Cancer is a top cause of death globally, which makes cancer prevention a vitally important public and personal health priority. Researchers estimate that 5-10% of cancers are caused by inherited mutations, and there have been more than 50 hereditary cancer syndromes discovered, with more sure to come.
But direct-to-consumer genetic testing can leave patients confused, scared, or overwhelmed and unsure how to proceed. For National Cancer Awareness Month, learn more about the world of direct-to-consumer genetic testing. If and when patients come to you with questions about their genetic testing results, here is a roadmap for the conversation.

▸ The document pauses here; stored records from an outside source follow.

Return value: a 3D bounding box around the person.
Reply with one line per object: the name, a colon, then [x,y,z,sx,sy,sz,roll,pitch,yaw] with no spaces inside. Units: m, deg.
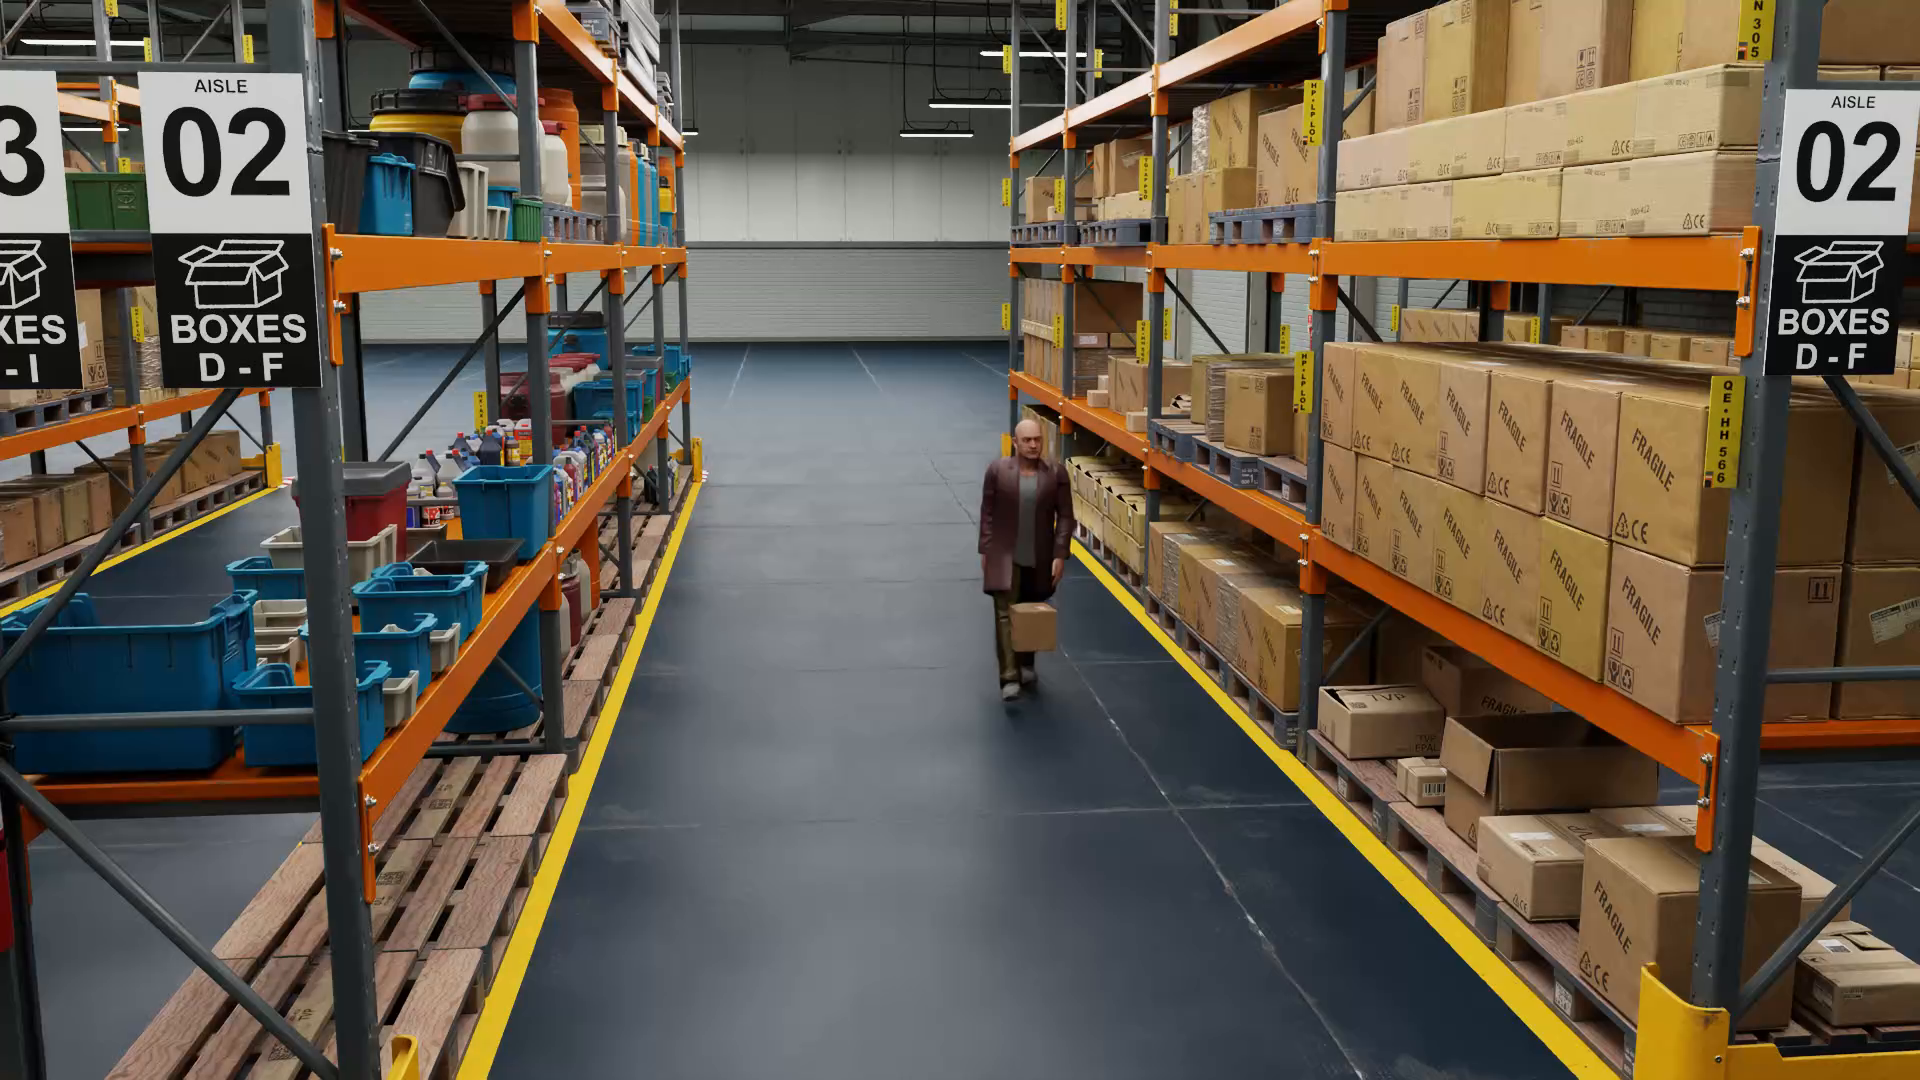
person: [0.423,0.116,10.274,0.591,1.723,1.102,-1,10,-7]
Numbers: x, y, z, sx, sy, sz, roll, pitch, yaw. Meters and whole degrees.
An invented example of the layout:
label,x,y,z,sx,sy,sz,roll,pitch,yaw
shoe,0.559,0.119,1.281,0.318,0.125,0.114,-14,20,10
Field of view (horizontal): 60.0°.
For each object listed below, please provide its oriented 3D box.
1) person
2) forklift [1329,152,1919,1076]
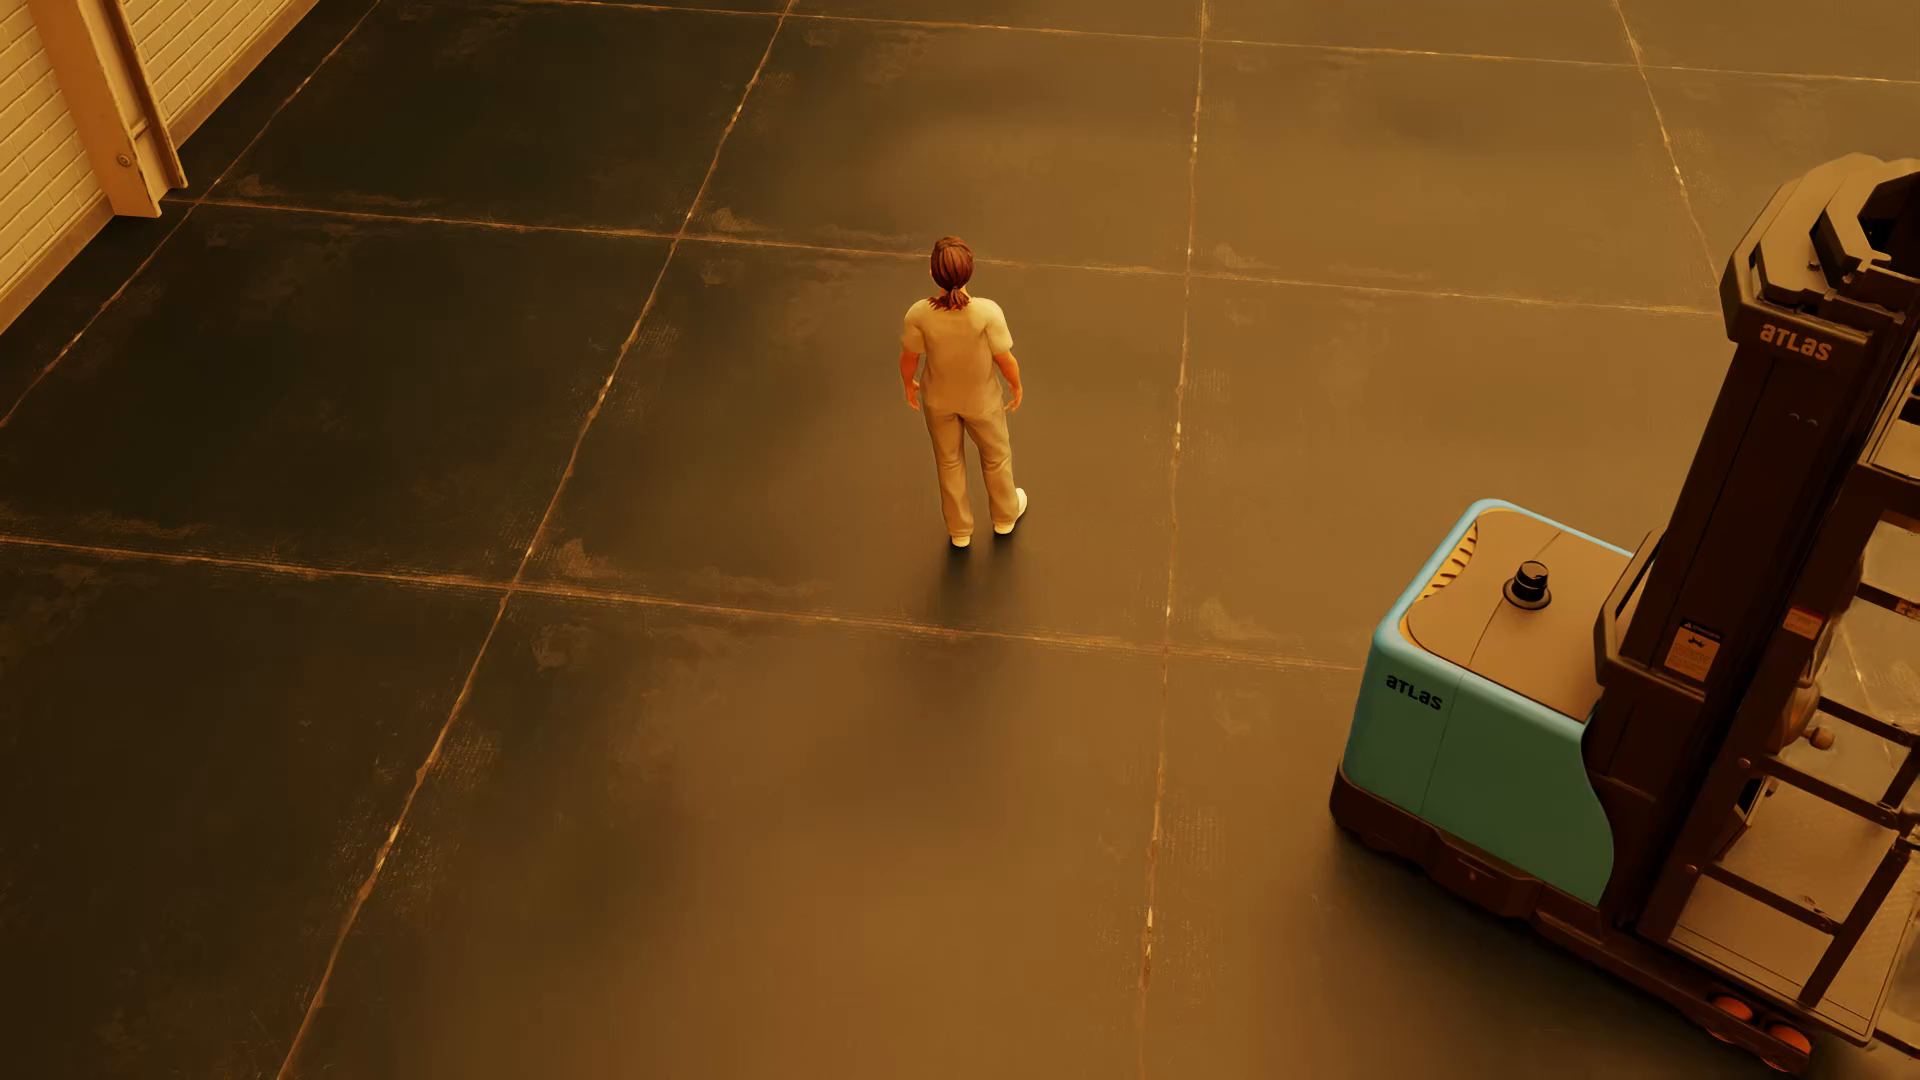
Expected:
label,x,y,z,sx,sy,sz,roll,pitch,yaw
person,0.024,-0.671,7.372,0.549,1.673,0.548,5,43,6
forklift,2.960,0.377,5.314,3.031,2.935,1.130,26,49,26

Direct-to-consumer genetic tests have been found to have quality issues. Talk to your patients about these issues. An NBC station sent human and dog DNA samples to several genetic testing companies. Worryingly, one company responded with a full genetic analysis of the Labrador retriever, as if it were a human. This is obviously an extreme example, and companies that offer screening for cancer genetics are more highly regulated by the FDA and are far less likely to encounter these issues. But patients should be aware of quality issues within the industry.
The science is rapidly changing, and much is still unknown. The field of genomics is staggeringly complex, very new, and rapidly changing. Some direct-to-consumer genetic testing companies may overstate the impact of certain findings, especially in regards to nutrition and athleticism.
Carrying a mutation is not necessarily a guarantee of illness. It is true that some genes are tightly bound with disease, such as how mutations in the BRCA1 or BRCA2 genes dramatically increase a risk of breast cancer. But many other links between mutation and illness are less strong. And even when a mutation clearly increases risk of a disease, remind patients that while their relative risk may be higher, their absolute risk may still remain low. In other words, a hypothetical mutation may double a patient’s risk of a certain rare disease. But if the original risk is 1 in 10,000, the doubled risk becomes 1 in 5000—a far more reassuring statistic.
When in doubt, refer out. Unless you are a trained genetic counselor, you are likely unprepared to give counsel to patients about their results. The field of genetic testing is far too complex for most health care professionals to learn on their own. A good rule of thumb, recommended by the American Medical Association, is to know what you don’t know and be honest. This may mean referring patients to genetic counselors, or for further testing.
The best way to prevent cancer is through lifestyle changes. Diet, weight, exercise, sun exposure, tobacco usage, and regular medical care play a huge role in cancer. Counsel your patients to eat a healthy diet high in fruits, vegetables, nuts, and legumes, and low in refined sugars, animal fats, and processed meats. Patients should aim for 150 minutes a week of moderate exercise. If your patients smoke cigarettes, quitting is critical to their health. Encourage patients to reduce sun exposure, get HPV and Hepatitis B vaccines, and have regular medical screenings.
Armed with this knowledge, you can help your patients reduce their cancer risk and navigate the complex world of genetic testing!